Records for processing section start

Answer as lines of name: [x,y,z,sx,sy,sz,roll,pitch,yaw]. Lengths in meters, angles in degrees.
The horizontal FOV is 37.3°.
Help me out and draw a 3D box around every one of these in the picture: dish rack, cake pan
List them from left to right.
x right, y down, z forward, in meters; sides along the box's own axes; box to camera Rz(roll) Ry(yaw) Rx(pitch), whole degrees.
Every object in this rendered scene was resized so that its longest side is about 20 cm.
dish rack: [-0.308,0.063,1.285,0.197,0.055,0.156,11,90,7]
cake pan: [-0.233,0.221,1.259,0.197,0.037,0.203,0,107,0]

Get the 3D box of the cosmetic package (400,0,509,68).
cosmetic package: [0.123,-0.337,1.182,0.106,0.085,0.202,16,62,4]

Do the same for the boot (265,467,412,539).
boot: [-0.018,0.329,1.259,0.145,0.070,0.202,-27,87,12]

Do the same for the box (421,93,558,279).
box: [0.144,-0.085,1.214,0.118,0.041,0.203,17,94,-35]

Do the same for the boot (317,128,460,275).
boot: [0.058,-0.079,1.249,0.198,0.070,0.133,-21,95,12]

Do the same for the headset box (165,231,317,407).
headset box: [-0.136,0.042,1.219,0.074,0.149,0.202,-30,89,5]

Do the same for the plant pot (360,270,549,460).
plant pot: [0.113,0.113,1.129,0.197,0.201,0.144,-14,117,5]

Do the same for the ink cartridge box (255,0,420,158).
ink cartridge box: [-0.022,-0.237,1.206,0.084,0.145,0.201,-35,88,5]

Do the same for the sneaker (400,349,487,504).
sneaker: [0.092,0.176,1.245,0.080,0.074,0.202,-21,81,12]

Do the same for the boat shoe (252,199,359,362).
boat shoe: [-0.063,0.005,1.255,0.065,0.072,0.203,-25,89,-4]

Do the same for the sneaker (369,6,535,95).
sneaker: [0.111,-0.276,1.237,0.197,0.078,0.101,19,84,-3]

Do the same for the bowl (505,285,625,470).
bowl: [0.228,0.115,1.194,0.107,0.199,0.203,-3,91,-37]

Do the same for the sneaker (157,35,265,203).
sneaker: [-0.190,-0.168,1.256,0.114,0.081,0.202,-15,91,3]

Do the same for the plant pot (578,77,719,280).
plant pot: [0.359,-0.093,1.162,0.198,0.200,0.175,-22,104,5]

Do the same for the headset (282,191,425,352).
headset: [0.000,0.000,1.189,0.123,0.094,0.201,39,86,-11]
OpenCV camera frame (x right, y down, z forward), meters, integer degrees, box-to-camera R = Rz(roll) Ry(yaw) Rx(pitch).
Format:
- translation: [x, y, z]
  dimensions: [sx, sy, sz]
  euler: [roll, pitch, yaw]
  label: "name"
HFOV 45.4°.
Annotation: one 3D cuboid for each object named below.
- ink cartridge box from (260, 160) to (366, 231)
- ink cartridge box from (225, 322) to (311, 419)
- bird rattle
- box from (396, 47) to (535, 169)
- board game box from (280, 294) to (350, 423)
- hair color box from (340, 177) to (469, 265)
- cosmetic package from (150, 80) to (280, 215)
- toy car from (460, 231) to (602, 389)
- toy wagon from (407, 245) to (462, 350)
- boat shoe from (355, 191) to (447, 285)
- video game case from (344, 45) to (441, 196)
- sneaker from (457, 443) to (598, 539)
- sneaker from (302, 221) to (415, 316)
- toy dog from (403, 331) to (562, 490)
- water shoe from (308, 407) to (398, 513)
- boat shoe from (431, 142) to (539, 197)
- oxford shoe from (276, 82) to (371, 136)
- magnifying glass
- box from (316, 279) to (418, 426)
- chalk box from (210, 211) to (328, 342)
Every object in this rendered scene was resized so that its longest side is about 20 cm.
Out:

Records for processing section end
Records for processing section start

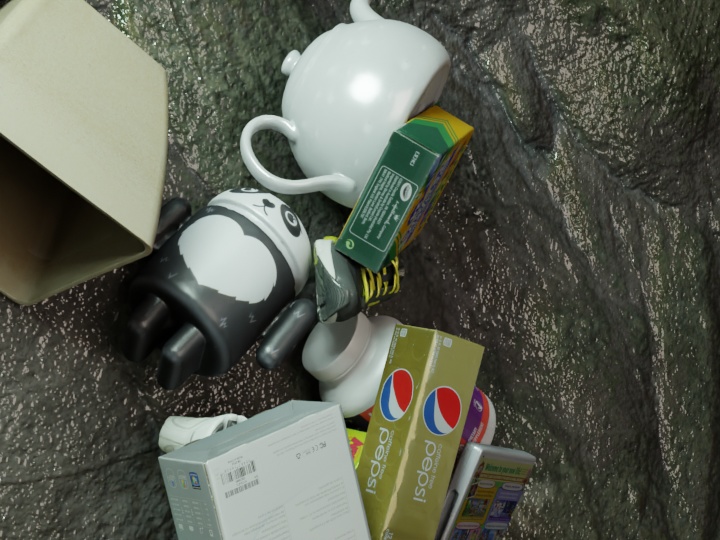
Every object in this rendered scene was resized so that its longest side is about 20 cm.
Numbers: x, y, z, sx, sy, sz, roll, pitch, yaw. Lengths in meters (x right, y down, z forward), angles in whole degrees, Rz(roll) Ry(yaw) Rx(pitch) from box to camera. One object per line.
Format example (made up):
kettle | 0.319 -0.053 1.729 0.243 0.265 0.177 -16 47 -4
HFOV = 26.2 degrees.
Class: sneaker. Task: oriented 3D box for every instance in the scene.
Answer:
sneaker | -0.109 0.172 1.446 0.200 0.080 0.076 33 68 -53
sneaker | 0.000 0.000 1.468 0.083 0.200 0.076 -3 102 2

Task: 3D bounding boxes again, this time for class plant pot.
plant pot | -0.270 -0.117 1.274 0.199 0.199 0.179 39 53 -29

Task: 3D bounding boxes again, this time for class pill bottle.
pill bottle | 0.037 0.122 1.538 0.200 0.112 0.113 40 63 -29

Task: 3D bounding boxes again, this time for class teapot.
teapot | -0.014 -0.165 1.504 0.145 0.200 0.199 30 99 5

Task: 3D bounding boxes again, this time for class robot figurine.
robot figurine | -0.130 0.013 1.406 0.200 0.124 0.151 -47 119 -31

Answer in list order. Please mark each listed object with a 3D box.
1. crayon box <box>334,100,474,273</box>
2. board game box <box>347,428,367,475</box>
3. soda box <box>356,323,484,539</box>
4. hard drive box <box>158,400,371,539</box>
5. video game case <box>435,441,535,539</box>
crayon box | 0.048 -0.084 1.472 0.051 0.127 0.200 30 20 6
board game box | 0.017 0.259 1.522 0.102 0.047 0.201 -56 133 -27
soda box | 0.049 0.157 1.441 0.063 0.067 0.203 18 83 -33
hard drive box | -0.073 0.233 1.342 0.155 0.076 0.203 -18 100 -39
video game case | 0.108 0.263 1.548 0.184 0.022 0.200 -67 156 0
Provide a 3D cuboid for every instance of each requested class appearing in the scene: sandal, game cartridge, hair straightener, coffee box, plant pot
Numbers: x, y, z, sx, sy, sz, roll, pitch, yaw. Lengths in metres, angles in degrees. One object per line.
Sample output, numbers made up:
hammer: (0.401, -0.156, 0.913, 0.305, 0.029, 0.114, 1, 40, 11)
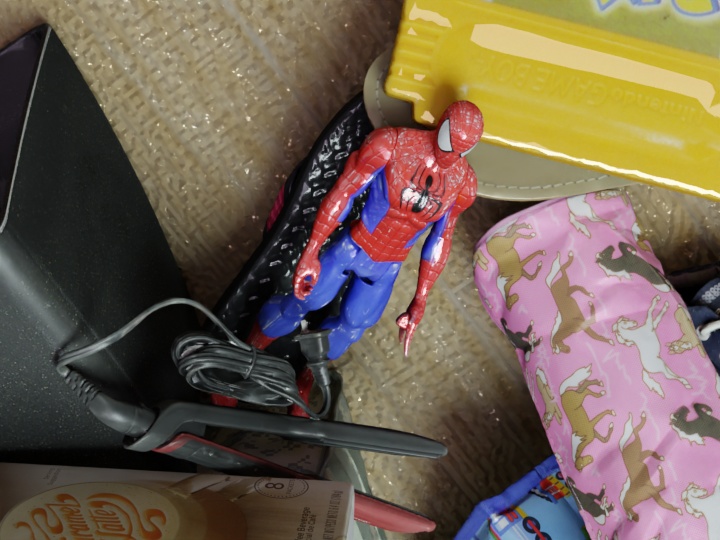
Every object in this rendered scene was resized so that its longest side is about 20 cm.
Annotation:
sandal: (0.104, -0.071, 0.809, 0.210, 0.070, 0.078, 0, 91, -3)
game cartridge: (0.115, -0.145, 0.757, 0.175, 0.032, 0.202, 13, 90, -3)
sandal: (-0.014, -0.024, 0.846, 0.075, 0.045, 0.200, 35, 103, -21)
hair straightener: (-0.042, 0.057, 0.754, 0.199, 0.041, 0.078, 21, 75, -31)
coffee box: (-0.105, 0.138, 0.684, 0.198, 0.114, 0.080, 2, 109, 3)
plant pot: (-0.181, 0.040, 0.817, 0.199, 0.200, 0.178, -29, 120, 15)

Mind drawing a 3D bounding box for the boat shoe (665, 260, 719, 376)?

Records for processing section end
Records for processing section start

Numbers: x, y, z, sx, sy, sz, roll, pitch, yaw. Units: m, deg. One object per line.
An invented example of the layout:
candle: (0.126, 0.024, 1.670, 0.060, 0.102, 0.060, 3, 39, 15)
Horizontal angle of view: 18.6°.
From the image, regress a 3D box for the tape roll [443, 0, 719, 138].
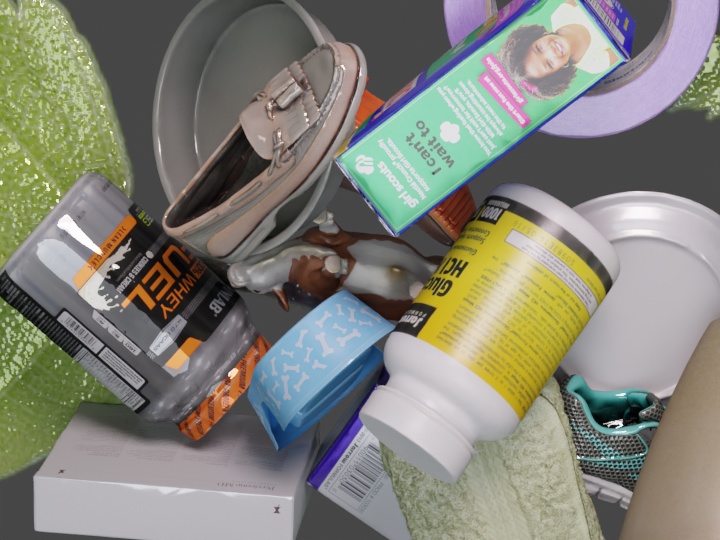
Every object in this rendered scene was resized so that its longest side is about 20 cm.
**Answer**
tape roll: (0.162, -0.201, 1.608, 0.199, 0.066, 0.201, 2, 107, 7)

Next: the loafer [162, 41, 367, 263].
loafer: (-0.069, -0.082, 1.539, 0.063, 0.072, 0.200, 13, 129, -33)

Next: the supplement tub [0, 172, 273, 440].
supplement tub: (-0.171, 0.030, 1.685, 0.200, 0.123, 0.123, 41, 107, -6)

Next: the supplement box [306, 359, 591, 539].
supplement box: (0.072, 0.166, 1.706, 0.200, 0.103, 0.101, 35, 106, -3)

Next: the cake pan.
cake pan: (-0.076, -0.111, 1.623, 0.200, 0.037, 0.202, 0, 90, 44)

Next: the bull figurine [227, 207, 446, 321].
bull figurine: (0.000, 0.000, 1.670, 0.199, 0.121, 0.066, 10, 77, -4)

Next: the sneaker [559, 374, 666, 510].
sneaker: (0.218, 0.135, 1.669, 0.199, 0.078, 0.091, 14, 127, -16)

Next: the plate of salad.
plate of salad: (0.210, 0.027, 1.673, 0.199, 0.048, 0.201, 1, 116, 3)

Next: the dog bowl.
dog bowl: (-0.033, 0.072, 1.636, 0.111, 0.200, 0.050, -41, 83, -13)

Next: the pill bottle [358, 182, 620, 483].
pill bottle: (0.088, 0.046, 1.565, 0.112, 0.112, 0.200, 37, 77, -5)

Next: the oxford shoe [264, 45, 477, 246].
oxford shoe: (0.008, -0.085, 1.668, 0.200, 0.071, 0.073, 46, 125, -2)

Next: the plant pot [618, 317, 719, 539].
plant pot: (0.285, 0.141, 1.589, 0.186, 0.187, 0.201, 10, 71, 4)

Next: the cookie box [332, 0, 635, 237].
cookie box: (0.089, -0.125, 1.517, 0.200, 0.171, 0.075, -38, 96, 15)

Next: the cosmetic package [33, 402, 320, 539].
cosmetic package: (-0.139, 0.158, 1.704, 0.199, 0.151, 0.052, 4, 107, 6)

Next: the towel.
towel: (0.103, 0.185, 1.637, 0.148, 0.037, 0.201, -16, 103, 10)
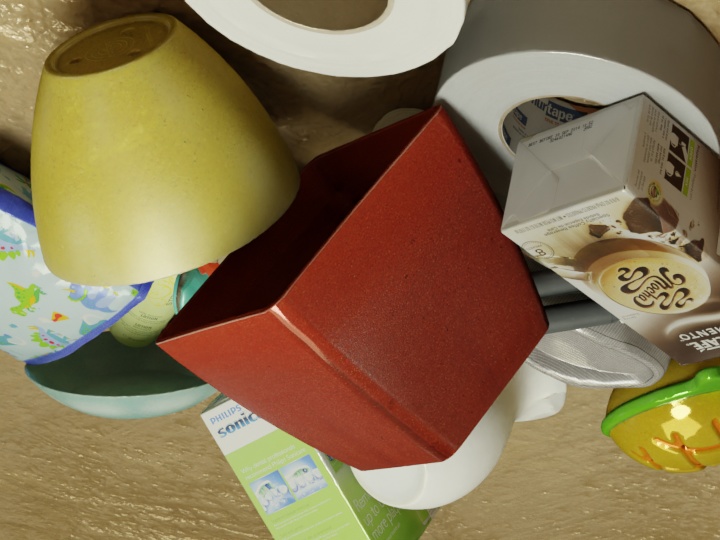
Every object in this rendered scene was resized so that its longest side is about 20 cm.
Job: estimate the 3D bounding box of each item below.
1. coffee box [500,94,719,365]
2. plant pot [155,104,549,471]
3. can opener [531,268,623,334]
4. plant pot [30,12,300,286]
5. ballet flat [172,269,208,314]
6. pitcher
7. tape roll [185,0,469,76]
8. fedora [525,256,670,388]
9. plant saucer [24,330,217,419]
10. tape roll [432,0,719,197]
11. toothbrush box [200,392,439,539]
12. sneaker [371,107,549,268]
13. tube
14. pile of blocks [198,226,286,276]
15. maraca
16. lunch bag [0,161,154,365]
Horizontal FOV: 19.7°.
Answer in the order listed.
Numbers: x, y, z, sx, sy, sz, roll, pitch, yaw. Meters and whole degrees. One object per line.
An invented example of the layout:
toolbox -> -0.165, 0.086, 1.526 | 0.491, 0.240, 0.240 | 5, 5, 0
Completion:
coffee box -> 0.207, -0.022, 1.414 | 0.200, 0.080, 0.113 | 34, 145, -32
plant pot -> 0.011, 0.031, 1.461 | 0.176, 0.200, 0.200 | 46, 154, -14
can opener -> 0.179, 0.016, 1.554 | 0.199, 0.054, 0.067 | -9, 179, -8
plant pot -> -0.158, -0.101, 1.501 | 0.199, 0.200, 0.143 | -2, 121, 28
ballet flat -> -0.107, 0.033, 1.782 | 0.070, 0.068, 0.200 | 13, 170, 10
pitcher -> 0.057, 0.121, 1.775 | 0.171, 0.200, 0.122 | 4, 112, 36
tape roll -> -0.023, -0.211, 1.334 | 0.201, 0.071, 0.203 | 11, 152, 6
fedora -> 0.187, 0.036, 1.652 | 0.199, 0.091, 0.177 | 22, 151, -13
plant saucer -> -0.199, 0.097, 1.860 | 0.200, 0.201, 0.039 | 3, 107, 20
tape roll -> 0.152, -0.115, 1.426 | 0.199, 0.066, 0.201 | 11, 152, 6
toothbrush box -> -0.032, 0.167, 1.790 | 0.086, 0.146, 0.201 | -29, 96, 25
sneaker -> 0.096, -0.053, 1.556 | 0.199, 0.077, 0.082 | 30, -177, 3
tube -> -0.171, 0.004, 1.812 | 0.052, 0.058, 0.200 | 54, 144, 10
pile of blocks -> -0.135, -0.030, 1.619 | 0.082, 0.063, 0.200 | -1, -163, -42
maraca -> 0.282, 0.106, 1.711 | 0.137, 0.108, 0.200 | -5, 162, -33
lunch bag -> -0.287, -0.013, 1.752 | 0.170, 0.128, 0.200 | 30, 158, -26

Records for processing section end

**Exercise prompt:** Of the records above, print only the lines from the one containing "Next: the cosmetic" through the one containing "toolbox -> -0.165, 0.086, 1.526", inclusive and unaltered, leaving out pictures.

**Exercise result:**
Next: the cosmetic package [33, 402, 320, 539].
cosmetic package: (-0.139, 0.158, 1.704, 0.199, 0.151, 0.052, 4, 107, 6)

Next: the towel.
towel: (0.103, 0.185, 1.637, 0.148, 0.037, 0.201, -16, 103, 10)
Every object in this rendered scene was resized so that its longest side is about 20 cm.
Job: estimate the 3D bounding box of each item below.
1. coffee box [500,94,719,365]
2. plant pot [155,104,549,471]
3. can opener [531,268,623,334]
4. plant pot [30,12,300,286]
5. ballet flat [172,269,208,314]
6. pitcher
7. tape roll [185,0,469,76]
8. fedora [525,256,670,388]
9. plant saucer [24,330,217,419]
10. tape roll [432,0,719,197]
11. toothbrush box [200,392,439,539]
12. sneaker [371,107,549,268]
13. tube
14. pile of blocks [198,226,286,276]
15. maraca
16. lunch bag [0,161,154,365]
Horizontal FOV: 19.7°.
Answer in the order listed.
Numbers: x, y, z, sx, sy, sz, roll, pitch, yaw. Meters and whole degrees. One object per line.
An invented example of the layout:
toolbox -> -0.165, 0.086, 1.526 | 0.491, 0.240, 0.240 | 5, 5, 0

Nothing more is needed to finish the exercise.